What lousy timing — Jon Stewart exits as The Donald rises
ListenJon Stewart doesn’t have a job. Donald Trump is leading presidential polls.
People, don’t we have this … backwards?
Last Thursday night, popular culture and politics intertwined amazingly — as they will in America.
Trump took center stage, with full bombast, in the first big televised debate of the presidential season. And Stewart exited classily stage left, ending a 16-year run as the indispensable anchor of the nation’s indispensable faux news show.
Trump is famous partly for berating faux employees on reality TV, before dismissing them with a trademark bark: “You’re fired!”
Stewart, by contrast, spent almost the full hour of his farewell show graciously deflecting the spotlight from himself onto the Daily’s Show’s backstage staff and its supporting cast of “senior correspondents.”
Trump and other candidates in the debate had some good moments — if by that you mean delivering prepared one-liners that exposed another candidate’s hypocrisy or lack of vision.
In other words, the candidates managed to do one time, with huge staff support, what Stewart has done for 30 minutes, 180 times a year, for 16 years. In another delicious coincidence, the debate was on Fox News, the cable propaganda machine with which Stewart has dueled doggedly for more than a decade.

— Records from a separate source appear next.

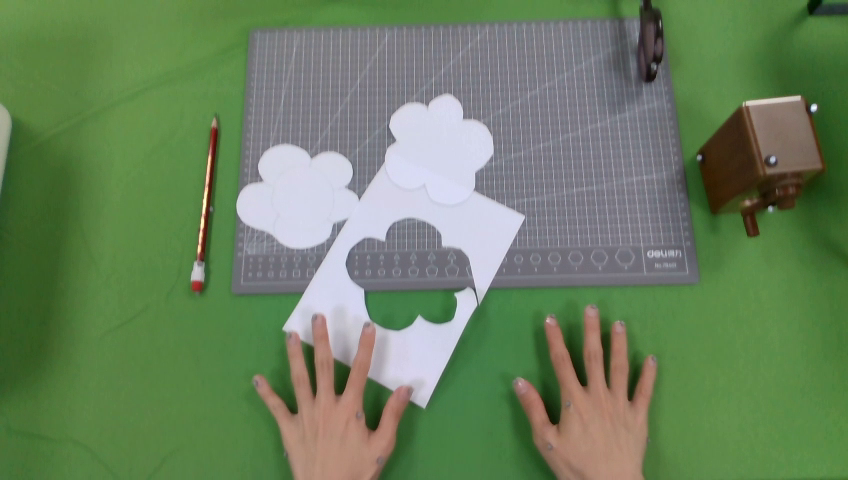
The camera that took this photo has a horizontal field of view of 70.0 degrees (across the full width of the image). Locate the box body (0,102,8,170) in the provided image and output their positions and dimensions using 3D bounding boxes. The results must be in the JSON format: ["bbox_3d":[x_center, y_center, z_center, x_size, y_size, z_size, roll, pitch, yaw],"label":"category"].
[{"bbox_3d":[-0.552,0.000,0.530,0.254,0.161,0.362,-2,74,1],"label":"box body"}]

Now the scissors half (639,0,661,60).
[{"bbox_3d":[0.223,-0.257,0.613,0.013,0.040,0.174,0,65,4],"label":"scissors half"}]

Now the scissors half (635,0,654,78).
[{"bbox_3d":[0.225,-0.252,0.632,0.013,0.040,0.174,-2,82,9],"label":"scissors half"}]

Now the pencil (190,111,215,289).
[{"bbox_3d":[-0.223,-0.045,0.614,0.012,0.012,0.193,-2,73,2],"label":"pencil"}]

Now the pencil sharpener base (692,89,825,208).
[{"bbox_3d":[0.303,-0.077,0.557,0.061,0.107,0.076,-6,74,0],"label":"pencil sharpener base"}]

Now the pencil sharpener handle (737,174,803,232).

On Thursday, when the last chord from the Boss and the E Street Band rang out in The Daily Show‘s New York studio, I had to pause a second to name the emotion I felt.
It was … sadness.
Stewart left the gig you want people who have enriched your lives to leave — a moment too soon, not years too late, with generosity and spirit, not egomania and score-settling. But he leaves a void that we’ll feel; I do believe the word for the way he fought back against the rising tide of toxic B.S. in our political discourse is “heroic.”
A final comment: Stewart et al. sometimes did annoy me, with those smugly mocking field interviews of foolish people, and particularly with how naive his critiques of journalism could be. God knows practitioners of my craft need frequent kicks in the pants, which Stewart regularly and usefully delivered.
But sometimes he seemed confused about how and where watchdog journalism gets done i.e. not in the White House press room. It’s not really, true, you know, that if only White House reporters asked better news conference questions, presidents would break down like witnesses in the last scene of Law and Order and sob, “It’s true. I lied and people died.”
No, the reporting that ends up holding power accountable gets done quietly and often quite tediously and laboriously, far away from the lights and cameras.
But every time I thought to write that commentary, something stayed my fingers over the keyboard. It was my overriding respect for the guy’s guts, integrity and comic genius.
So I’m glad these are probably the last words I’ll write about Jon Stewart: Farewell and thank you. You did good, and you did right by the republic.